Euro zone finance minister are due to meet on Thursday but there was talk of plans being put in place for another emergency summit at the weekend.
EMERGING PRESSURE
Greece's national central bank sent out a stark warning that failure to clinch a deal would: "mark the beginning of a painful course that would lead initially to a Greek default and ultimately to the country's exit from the euro area and, most likely, from the European Union,"
"Striking an agreement with our partners is a historical imperative that we cannot afford to ignore," it said.
Spanish, Italian and Portuguese bond yields which have climbed to multi-month highs this week in one of the most serious episodes of euro debt contagion since the height of the debt crisis in 2010-12, dipped for a second day despite a higher start.
However, Portugal, which like Greece had to be bailed out by the European Union and IMF, saw its short-term borrowing costs rise sharply at a debt auction. Germany also saw its costs rise at an auction it held.
Overnight in Asia the mood had seemed a bit more positive.
MSCI's index of Asia-Pacific shares outside Japan .MIAPJ0000PUS gained 0.8 percent, moving away from a three-month low on Tuesday as Chinese stocks rallied by more than 2 percent from the day's lows.
The Shanghai market had gained 50 percent since the start of the year, making Chinese stocks the world's best performers in U.S. dollar terms.
There are, however, worries about frothiness. Thomson Reuters data shows that some stock markets, such as the Shenzhen stock exchange .SZCE, currently trade far above their 10-year median average.

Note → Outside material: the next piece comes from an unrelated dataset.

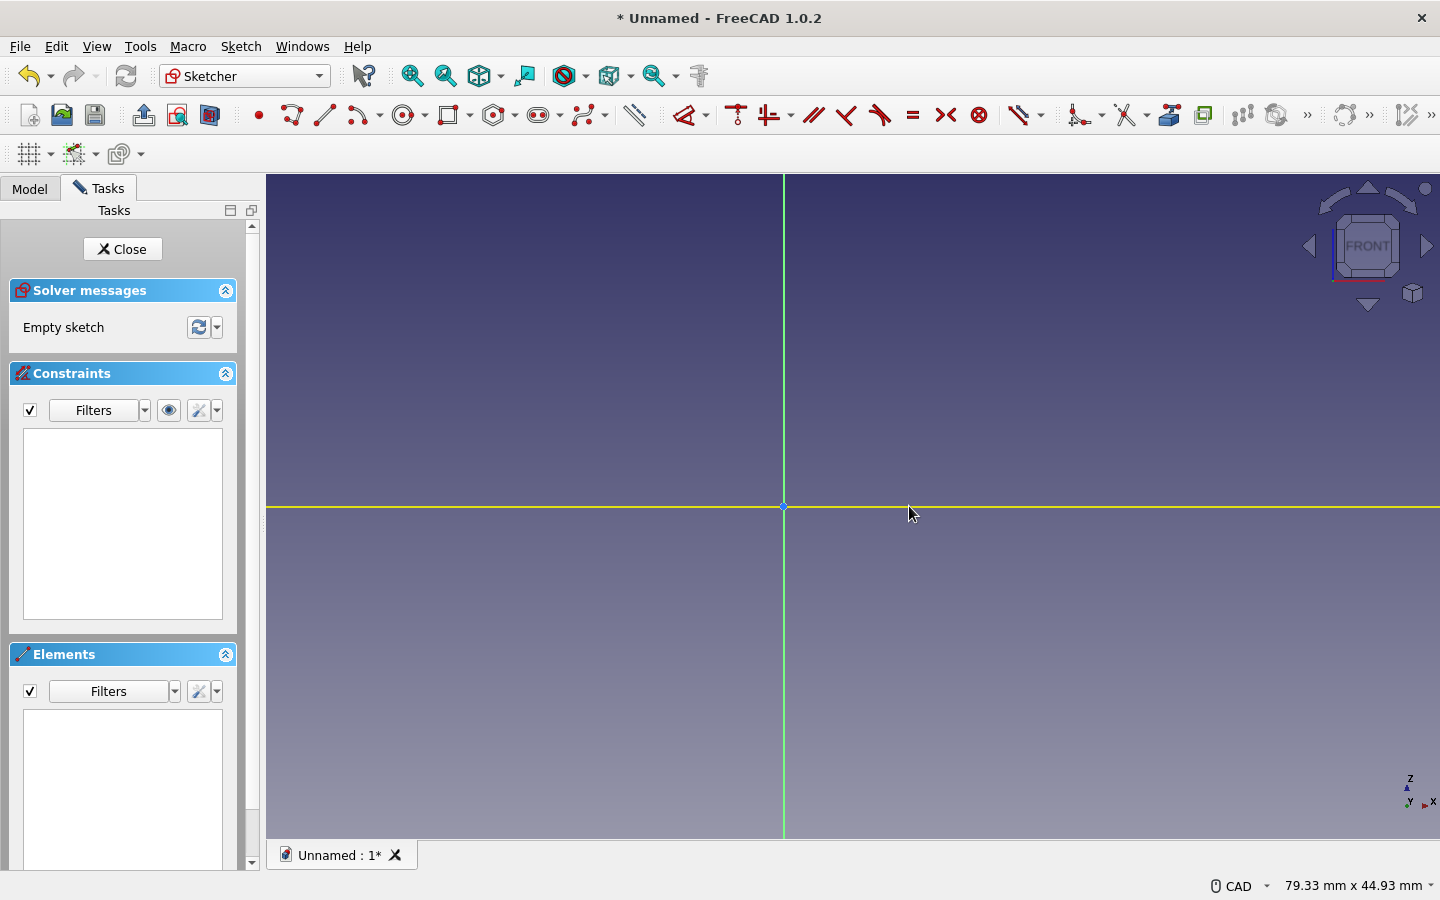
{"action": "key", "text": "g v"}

Emerging markets are closely watching the Fed's moves. Traditionally they are highly sensitive to changes in U.S. rates because it makes their own ones relatively less attractive for global investors and can play havoc with their currencies.
Deutsche Bank Managing Director Nick Lawson said he expected MSCI's benchmark EM stock index .MSCIEF - standing at a 2-1/2 month low - to break down out of a range it has been in for the last four years when U.S. rate hikes begin.
Outflows from emerging market equity and bond funds hit their highest since 2008 according to data from fund-tracker EPFR.
In commodities, oil prices were a shade firmer as plentiful output was met by strong demand, with the market waiting for U.S. storage figures later in the day.
U.S. crude futures CLc1 was up over a dollar at $61.17 a barrel, while Brent LCOc1 climbed to $65.17. Gold was sidelined at $1,179.50 an ounce and copper nudged off a three-month low.